Use Intel VTune Profiler to Examine OpenVINO Applications’ Performance
Using the VTune Profiler to profile OpenVINO-based AI applications is covered in another new recipe in the VTune Profiler cookbook. It discusses how to use the profiler tool to analyze performance bottlenecks in the CPU, GPU, and Neural Processing Unit (NPU).
If your OpenVINO application makes use of the Intel oneAPI Data Analytics Library (oneDAL) and/or the Intel oneAPI Deep Neural Network (oneDNN) Intel Distribution for Python Intel VTune Profiler (v2024.1 or later), you can access the Benchmark Tool application as part of the OpenVINO Toolkit Intel oneAPI Base Toolkit.
The recipe offers detailed steps for configuring OpenVINO with the ITT APIs for performance analysis, building the OpenVINO source, and setting it up. It profiles the AI application and analyzes performance and latency using a reference benchmark application.
Depending on the computational architecture, you may use the VTune Profiler‘s numerous performance analysis features to find hotspots and look at how much hardware is being utilized by specific code sections.
For example,
- To examine CPU bottlenecks that is, the sections of code that take up the most CPU execution time use the Hotspots Analysis tool.
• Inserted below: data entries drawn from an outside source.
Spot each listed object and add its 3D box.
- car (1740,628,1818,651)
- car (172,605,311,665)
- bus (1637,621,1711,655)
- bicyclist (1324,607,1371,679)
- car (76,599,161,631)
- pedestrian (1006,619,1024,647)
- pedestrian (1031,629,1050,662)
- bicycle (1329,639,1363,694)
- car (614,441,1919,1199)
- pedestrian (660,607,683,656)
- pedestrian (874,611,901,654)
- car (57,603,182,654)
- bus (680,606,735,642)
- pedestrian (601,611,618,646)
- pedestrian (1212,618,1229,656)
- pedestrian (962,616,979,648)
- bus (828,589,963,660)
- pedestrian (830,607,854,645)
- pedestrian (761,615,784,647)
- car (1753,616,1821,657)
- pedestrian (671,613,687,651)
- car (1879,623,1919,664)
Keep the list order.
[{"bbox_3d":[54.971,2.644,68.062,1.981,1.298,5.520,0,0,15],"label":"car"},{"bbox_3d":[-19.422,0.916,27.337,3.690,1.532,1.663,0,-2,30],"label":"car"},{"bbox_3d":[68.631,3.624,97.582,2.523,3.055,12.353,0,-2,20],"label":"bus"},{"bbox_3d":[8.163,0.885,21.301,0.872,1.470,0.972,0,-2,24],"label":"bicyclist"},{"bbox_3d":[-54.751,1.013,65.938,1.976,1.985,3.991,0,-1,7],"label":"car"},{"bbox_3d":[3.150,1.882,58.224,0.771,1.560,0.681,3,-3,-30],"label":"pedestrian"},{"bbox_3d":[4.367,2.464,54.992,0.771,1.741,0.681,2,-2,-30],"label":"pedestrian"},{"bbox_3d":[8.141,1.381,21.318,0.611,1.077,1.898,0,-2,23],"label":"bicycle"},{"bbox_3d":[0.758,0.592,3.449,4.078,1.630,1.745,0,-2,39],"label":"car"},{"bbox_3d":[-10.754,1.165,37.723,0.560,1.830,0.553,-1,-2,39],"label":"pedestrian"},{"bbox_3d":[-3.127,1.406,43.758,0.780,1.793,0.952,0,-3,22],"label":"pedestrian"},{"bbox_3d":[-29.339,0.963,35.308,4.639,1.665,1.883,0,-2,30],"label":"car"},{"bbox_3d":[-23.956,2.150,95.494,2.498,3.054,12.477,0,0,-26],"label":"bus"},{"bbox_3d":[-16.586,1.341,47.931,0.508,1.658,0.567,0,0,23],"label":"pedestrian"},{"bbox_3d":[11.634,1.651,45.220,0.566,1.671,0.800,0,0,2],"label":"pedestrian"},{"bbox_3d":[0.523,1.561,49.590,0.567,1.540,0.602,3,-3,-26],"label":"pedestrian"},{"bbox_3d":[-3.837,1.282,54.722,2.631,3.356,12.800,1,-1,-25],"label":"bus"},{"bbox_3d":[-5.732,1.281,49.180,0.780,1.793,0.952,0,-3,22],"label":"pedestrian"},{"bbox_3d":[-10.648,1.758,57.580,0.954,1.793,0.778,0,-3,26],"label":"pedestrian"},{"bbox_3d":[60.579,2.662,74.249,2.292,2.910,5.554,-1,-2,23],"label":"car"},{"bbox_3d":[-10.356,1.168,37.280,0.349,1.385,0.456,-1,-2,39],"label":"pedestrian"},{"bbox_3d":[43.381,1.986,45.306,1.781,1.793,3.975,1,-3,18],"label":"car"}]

- Use the GPU Compute/Media Hotspots Analysis preview function to profile GPU hotspots. Examine inefficient kernel methods, examine the frequency of GPU instructions for various kinds of instructions, and more to get an understanding of GPU use.
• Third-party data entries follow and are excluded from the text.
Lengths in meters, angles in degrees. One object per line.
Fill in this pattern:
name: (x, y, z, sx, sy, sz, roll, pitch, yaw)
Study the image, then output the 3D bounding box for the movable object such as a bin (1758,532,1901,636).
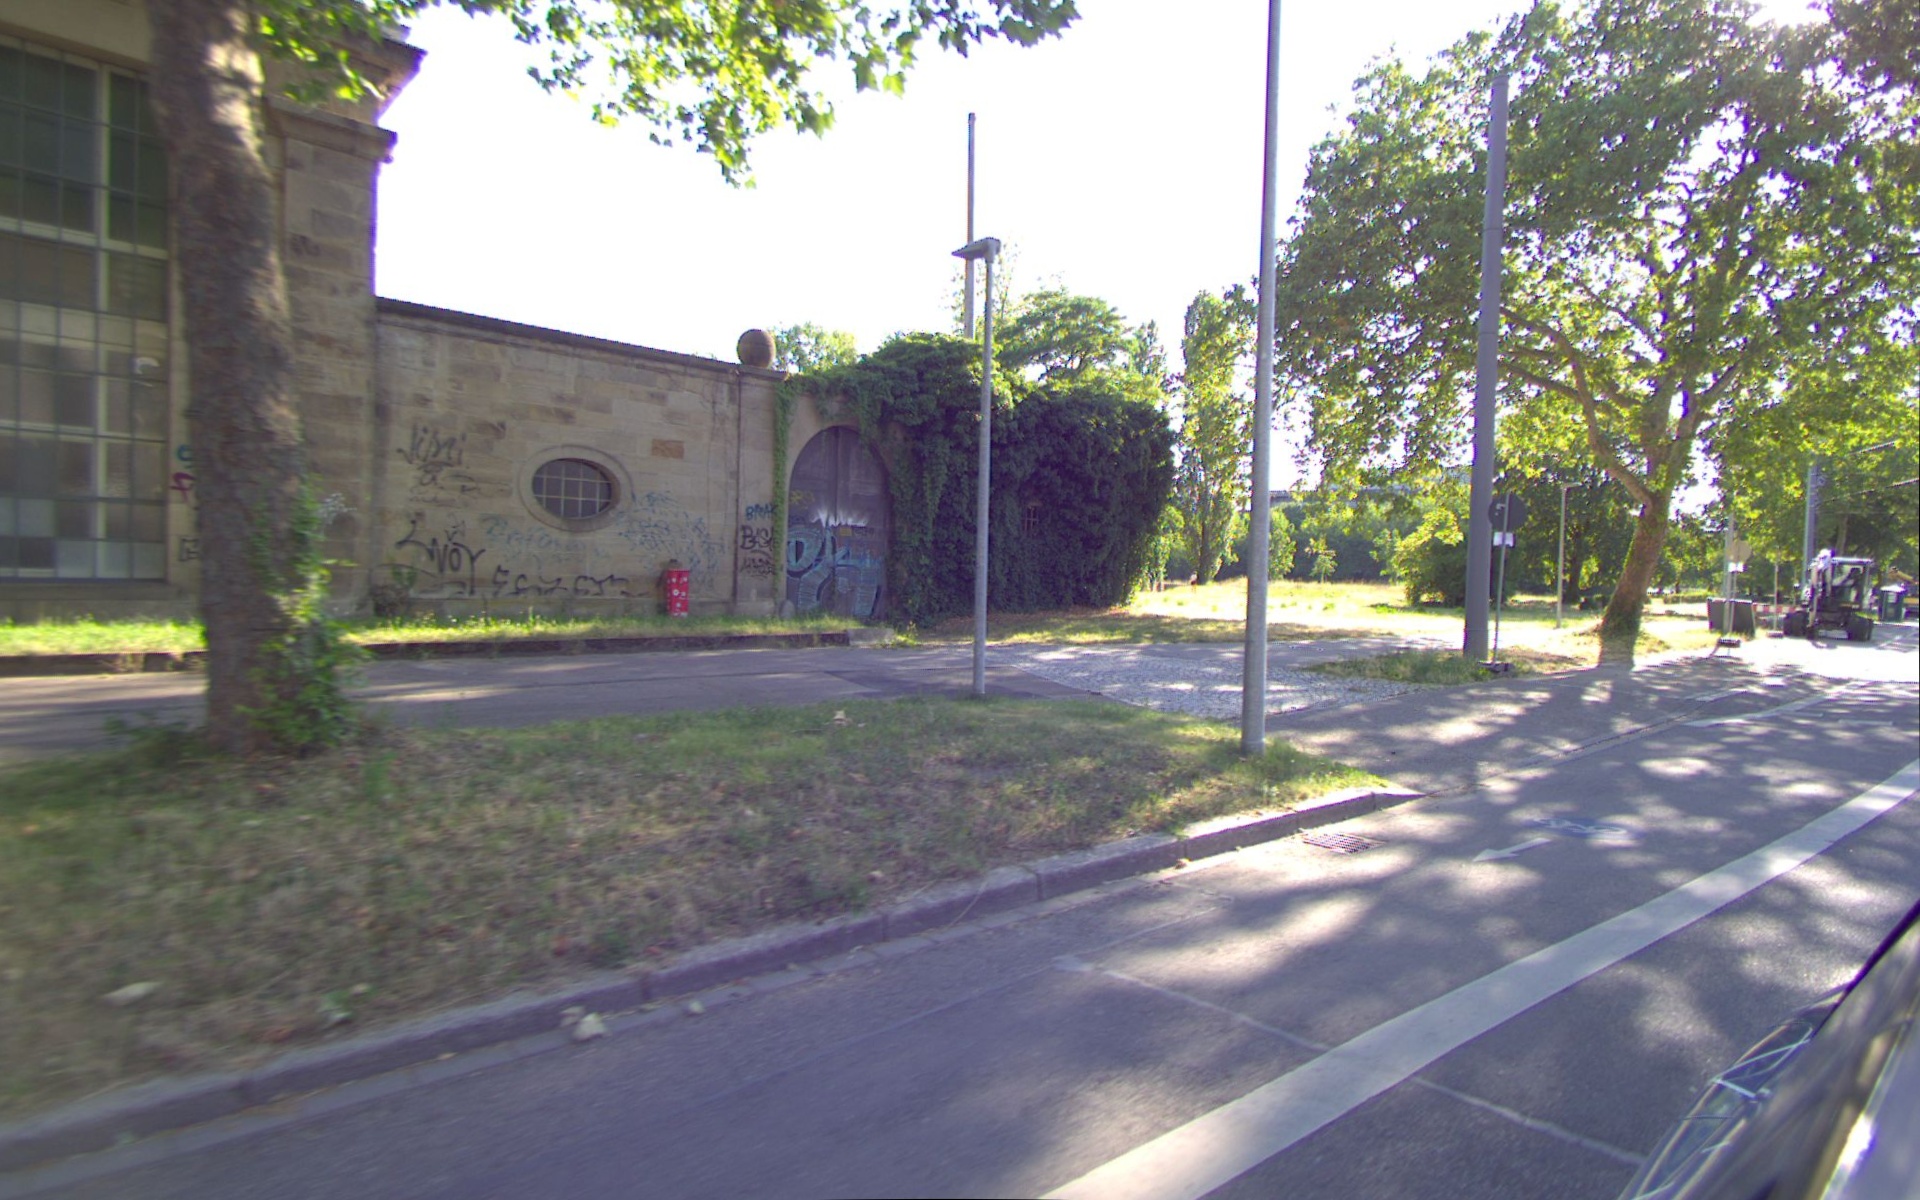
movable object such as a bin: (30.607, -0.551, 35.517, 7.096, 3.182, 2.750, 1, 5, -43)

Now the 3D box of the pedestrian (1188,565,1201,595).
pedestrian: (16.150, -1.391, 69.713, 0.854, 2.039, 1.263, 0, 1, 15)

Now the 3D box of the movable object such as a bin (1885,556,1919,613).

- The AI PCs’ Neural Processing Units (NPUs) are made especially to boost AI/ML applications’ performance. With the Intel Distribution of OpenVINO Toolkit, you may transfer compute-intensive AI/ML tasks to Intel NPUs. You may examine the NPU performance using a number of hardware measures, including workload size, execution time, sampling interval, and more, with the use of the VTune Profiler‘s NPU Exploration Analysis preview function.
Intel VTune Profiler Download
Use one of the following methods to install Intel VTune Profiler on your computer:
- Get the standalone bundle here.
- As part of the Intel oneAPI Base Toolkit, download Intel VTune Profiler.
Know the Process
In the standard software performance analysis process,
Use one of the following methods to launch Intel VTune Profiler:
- Using Microsoft Visual Studio’s GUI From the Command Line
- Configure parameters and choose a profiling analysis for your application.
- Create a profile of the target system (remote collection) or application on the host (local collection).
- View the host system’s findings.
- Identify bottlenecks and address them over a number of cycles until you reach a desirable level of performance.
FAQs
What does Intel VTune do?
Examine CPU usage, OpenMP efficiency, memory access, and vectorization to assess application performance. Measure metrics to find memory access concerns.